Complex lithology prediction using probabilistic neural network improved by continuous restricted Boltzmann machine and particle swarm optimization

Abstract

Lithology prediction, especially for reservoirs consisting of complex lithologies, is universally considered as a critical underlying task for petroleum exploration, because lithological data is indispensable for the analysis of some geological work, such as stratigraphic correlation or sedimentation modeling. Hence, how to acquire the reliable lithological information gradually becomes a hot topic in the geoscience. Probabilistic neural network (PNN) is an excellent approach for lithology prediction since it can efficiently complete pattern recognition by determining characteristics of each kind of learning data. However, its computation performance is severely limited by two factors, which are quality of raw data and selection of parameter. High correlation of raw data could be an obstacle for the determination of data characteristics because partial probability density distributions established by PNN would be merged. As window length of each probability density distribution shows great impact on the accuracy of calculated results, the selection of this parameter must be addressed optimally before prediction. In order to improve the calculation capability of PNN, two techniques, continuous restricted Boltzmann machine (CRBM) and particle swarm optimization (PSO), are introduced.
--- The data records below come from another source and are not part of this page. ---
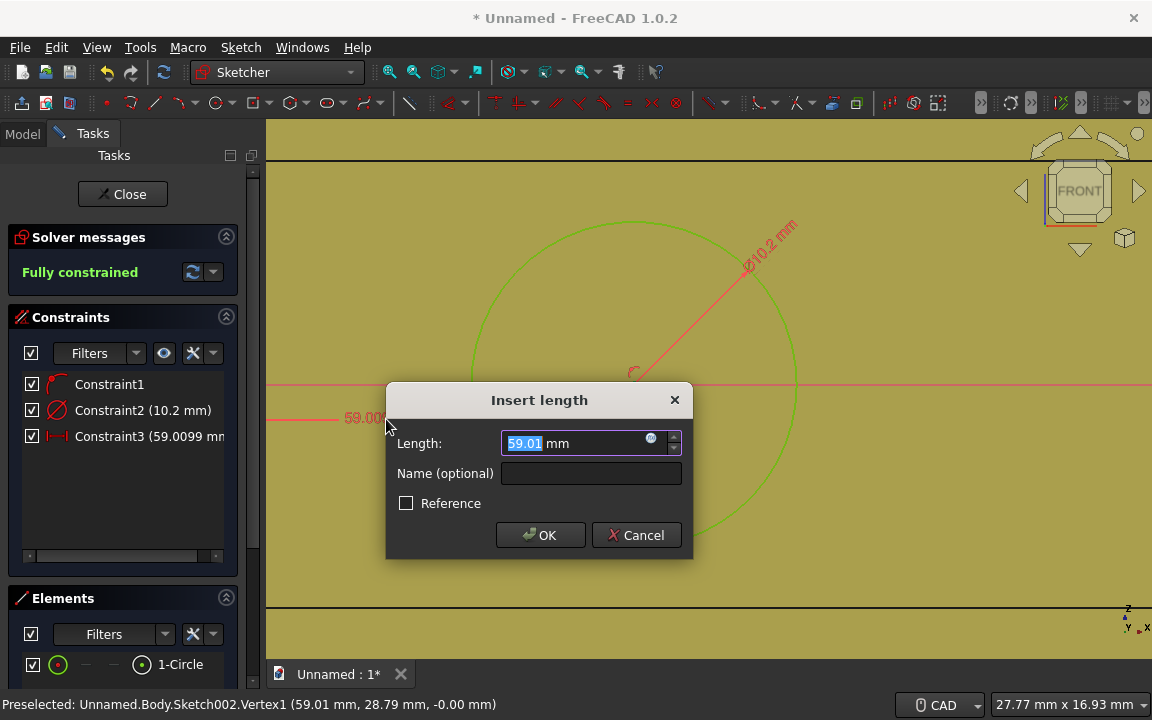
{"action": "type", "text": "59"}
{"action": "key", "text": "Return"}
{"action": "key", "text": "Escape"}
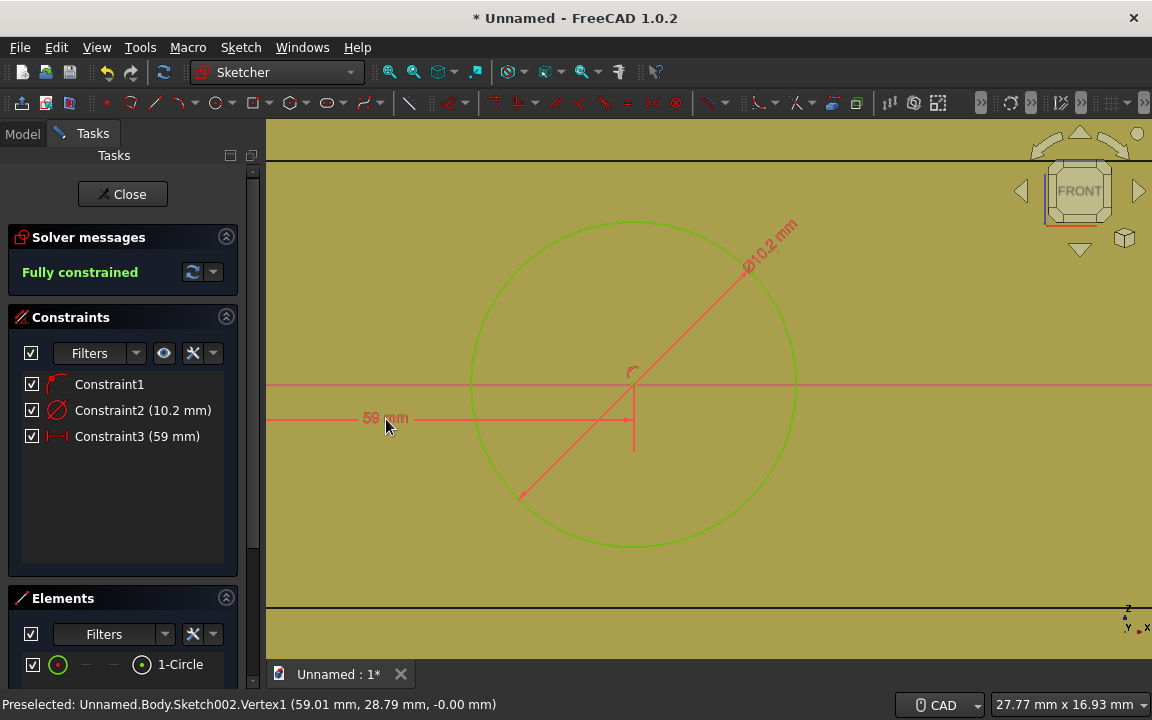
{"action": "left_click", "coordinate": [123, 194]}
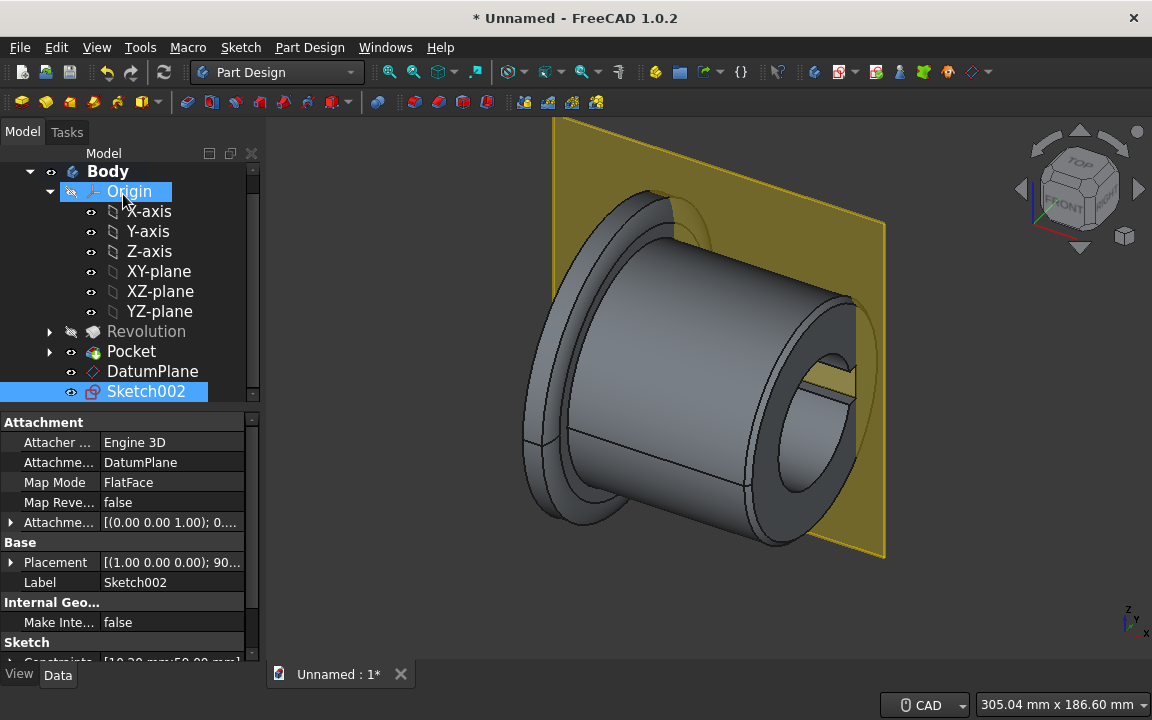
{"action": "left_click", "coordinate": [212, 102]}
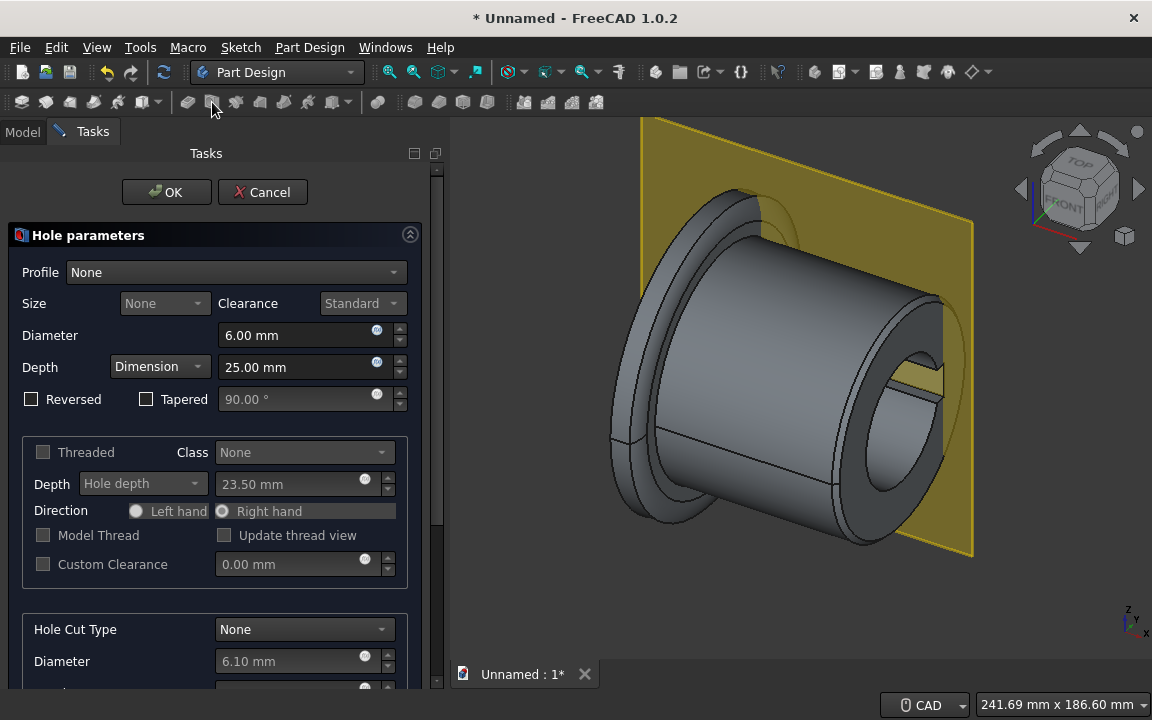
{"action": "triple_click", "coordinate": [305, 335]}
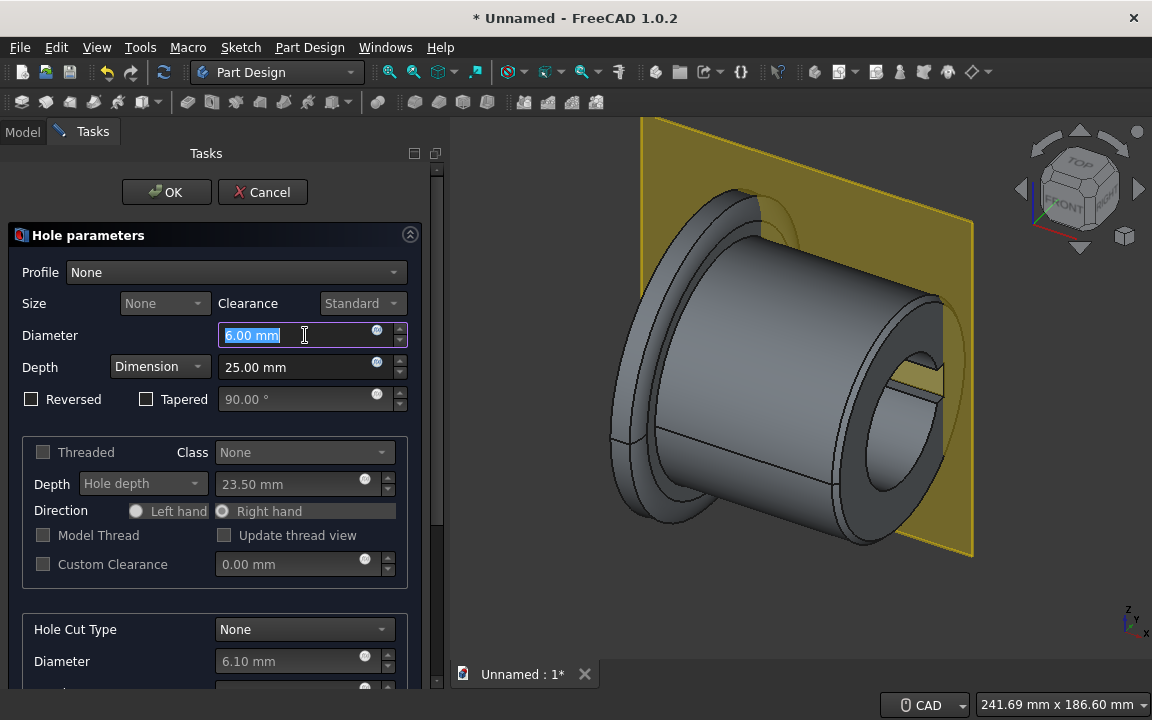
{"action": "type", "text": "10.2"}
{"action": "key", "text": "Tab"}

CRBM has the special function of extracting features from raw data and the features generally present with low correlation, thus can be viewed as an ideal preprocessing segment for PNN. PSO is one of the most efficient algorithms used for solving optimization problem, and the optimal parameter setting of PNN, therefore, can be revealed. Due to the advantages of CRBM and PSO for PNN, a new method for complex lithology prediction is proposed, which is referred as CRBM-PSO-PNN. Data for new method validation is recorded by two wells which are located in the IARA oilfield. Moreover, three experiments are well designed in order to verify the computing capability of new method comprehensively. Experiment results manifest that the prediction accuracies provided by new method in three experiments are highest, all of which are over 75%. High prediction accuracies fully demonstrate that the proposed method is effective to predict complex lithology, and the predicted results are reliable to serve other geological work.